Entries shown:
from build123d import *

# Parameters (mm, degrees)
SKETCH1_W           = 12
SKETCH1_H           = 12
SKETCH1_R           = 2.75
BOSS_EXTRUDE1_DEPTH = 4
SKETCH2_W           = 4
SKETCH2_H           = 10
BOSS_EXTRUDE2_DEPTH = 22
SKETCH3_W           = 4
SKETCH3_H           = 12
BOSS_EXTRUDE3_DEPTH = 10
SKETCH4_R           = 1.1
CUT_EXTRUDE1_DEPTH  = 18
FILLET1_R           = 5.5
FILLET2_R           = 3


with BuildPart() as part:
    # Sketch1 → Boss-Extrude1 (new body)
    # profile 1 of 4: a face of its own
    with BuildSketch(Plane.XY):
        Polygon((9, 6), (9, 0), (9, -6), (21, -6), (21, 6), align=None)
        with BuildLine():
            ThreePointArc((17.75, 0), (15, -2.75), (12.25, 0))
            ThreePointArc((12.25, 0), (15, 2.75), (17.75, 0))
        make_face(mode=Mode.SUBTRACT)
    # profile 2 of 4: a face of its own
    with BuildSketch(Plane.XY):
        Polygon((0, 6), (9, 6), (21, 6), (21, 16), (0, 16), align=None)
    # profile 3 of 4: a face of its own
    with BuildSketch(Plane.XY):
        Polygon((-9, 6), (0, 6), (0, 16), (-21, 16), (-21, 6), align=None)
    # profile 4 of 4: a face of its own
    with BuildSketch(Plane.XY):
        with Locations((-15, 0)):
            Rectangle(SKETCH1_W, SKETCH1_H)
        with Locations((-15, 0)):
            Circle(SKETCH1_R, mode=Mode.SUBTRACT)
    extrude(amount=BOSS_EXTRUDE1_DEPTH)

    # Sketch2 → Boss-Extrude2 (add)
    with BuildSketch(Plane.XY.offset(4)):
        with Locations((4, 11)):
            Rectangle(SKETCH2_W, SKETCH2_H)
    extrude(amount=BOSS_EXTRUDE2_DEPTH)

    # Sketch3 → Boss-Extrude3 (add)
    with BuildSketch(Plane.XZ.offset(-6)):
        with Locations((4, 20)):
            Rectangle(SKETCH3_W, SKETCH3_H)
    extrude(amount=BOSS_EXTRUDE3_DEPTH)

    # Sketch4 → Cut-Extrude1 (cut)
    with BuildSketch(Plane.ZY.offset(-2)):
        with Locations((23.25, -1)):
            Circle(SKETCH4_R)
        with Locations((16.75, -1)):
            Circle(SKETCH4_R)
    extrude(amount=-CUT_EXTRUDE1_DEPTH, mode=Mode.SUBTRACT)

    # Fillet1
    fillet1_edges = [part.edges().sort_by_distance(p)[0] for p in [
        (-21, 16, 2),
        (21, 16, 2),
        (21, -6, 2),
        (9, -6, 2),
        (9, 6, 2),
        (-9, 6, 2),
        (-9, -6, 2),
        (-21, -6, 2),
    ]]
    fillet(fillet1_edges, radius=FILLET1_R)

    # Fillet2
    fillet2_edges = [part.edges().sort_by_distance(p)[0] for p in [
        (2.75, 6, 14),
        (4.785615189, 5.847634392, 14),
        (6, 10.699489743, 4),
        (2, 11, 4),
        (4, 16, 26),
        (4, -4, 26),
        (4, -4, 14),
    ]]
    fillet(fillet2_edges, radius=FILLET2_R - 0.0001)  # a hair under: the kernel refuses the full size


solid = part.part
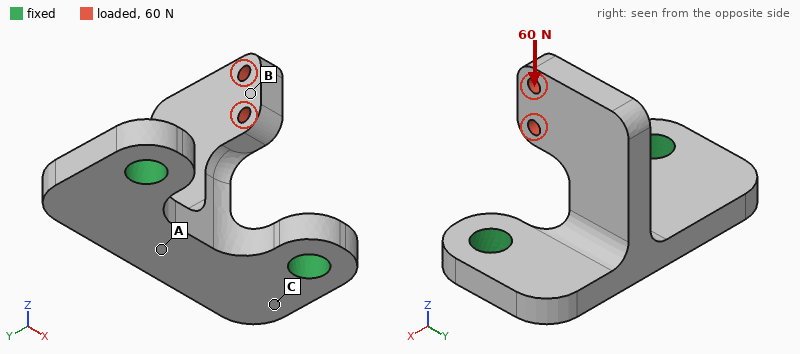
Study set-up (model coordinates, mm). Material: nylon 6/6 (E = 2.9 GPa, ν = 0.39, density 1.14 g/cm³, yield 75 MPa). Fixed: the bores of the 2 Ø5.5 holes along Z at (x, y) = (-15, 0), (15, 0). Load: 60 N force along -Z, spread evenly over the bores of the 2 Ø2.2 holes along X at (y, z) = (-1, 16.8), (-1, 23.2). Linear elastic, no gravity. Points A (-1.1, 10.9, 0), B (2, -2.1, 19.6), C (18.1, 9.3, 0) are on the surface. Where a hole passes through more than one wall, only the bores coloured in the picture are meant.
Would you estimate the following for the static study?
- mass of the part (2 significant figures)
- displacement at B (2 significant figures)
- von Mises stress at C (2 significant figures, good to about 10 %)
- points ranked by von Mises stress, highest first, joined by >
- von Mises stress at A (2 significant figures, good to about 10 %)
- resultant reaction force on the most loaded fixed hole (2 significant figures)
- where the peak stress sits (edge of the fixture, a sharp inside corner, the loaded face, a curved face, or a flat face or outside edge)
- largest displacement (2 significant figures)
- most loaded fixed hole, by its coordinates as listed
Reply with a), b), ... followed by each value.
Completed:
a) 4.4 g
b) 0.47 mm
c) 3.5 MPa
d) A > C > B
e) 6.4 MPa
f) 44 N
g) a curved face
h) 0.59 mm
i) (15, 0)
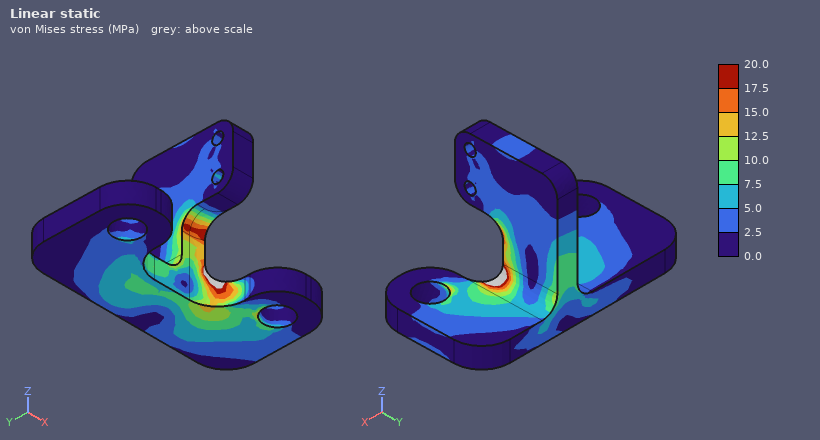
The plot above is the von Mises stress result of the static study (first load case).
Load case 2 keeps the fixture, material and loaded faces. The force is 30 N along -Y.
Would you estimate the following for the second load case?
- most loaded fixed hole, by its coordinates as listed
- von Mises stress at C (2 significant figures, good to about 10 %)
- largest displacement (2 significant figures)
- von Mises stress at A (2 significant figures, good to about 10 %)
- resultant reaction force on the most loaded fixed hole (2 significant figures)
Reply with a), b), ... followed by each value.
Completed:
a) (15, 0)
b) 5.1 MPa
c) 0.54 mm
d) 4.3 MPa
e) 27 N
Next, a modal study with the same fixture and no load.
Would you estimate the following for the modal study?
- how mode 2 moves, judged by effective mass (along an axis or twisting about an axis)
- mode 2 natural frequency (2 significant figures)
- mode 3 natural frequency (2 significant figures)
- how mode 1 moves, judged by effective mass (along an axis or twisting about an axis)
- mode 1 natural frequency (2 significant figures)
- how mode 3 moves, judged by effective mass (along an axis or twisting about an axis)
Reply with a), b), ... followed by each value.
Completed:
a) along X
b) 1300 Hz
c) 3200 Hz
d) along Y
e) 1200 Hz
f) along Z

...

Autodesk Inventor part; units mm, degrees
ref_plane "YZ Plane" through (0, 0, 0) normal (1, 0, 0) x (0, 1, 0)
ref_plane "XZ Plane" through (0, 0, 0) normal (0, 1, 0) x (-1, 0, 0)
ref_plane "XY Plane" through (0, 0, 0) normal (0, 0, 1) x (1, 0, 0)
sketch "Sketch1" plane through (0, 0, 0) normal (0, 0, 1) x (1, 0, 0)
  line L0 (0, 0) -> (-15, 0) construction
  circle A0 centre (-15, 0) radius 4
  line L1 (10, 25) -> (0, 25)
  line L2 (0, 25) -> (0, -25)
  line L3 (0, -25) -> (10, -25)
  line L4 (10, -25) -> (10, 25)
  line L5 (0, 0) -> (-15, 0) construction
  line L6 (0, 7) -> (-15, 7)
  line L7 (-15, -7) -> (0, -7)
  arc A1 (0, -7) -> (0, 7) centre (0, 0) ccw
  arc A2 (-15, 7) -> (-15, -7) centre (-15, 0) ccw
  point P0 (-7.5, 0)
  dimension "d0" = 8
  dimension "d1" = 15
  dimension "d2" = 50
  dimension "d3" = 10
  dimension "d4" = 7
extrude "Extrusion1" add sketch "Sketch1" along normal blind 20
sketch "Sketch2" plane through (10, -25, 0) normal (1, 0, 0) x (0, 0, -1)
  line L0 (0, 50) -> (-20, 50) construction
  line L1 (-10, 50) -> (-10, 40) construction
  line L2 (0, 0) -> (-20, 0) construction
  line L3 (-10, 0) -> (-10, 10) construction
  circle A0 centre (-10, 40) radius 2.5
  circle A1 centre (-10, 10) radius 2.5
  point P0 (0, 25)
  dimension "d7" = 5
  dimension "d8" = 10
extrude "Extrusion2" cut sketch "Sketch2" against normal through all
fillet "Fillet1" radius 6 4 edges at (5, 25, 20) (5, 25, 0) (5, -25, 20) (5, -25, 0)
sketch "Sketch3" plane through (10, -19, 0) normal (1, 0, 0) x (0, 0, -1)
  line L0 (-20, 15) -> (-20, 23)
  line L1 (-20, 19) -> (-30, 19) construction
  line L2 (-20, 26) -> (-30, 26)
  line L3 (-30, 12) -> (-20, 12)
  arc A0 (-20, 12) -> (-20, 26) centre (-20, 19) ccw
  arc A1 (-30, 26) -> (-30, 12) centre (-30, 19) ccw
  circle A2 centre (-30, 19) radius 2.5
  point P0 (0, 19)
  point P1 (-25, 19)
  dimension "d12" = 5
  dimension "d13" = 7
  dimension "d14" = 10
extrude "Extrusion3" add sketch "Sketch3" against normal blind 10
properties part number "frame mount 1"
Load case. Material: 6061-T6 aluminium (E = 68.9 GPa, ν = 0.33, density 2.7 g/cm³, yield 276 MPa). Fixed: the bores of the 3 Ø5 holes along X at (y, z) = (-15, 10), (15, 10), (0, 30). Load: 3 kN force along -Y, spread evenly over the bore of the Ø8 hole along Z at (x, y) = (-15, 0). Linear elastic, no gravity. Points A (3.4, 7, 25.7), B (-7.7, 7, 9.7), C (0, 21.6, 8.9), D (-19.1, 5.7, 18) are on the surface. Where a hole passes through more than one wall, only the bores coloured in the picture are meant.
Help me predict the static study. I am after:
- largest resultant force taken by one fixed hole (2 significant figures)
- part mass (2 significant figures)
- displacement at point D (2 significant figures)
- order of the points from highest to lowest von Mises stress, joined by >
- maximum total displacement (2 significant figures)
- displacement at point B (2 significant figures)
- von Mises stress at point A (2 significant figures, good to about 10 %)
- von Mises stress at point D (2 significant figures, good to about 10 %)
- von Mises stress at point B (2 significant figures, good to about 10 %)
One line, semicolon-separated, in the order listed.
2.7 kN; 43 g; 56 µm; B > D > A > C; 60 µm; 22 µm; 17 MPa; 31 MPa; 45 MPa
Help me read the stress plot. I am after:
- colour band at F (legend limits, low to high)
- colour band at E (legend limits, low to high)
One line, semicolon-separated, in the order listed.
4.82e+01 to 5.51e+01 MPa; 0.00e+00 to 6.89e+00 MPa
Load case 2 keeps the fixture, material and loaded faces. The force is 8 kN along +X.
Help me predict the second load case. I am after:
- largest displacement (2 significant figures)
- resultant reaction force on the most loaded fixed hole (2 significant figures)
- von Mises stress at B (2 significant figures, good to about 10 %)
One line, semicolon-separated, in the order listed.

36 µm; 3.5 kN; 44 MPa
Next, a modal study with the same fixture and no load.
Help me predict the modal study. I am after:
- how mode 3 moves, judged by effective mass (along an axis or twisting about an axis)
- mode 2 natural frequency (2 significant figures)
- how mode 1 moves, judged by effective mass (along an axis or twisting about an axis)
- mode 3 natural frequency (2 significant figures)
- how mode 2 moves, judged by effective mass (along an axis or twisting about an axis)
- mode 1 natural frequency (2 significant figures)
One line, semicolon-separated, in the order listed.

Work to be completed: Given the records above, reproduce precisely and only the lines between the line holding "extrude(amount=BOSS_EXTRUDE2_DEPTH)" and the line holding "extrude(amount=BOSS_EXTRUDE3_DEPTH)", inclusive.

Task answer:
    extrude(amount=BOSS_EXTRUDE2_DEPTH)

    # Sketch3 → Boss-Extrude3 (add)
    with BuildSketch(Plane.XZ.offset(-6)):
        with Locations((4, 20)):
            Rectangle(SKETCH3_W, SKETCH3_H)
    extrude(amount=BOSS_EXTRUDE3_DEPTH)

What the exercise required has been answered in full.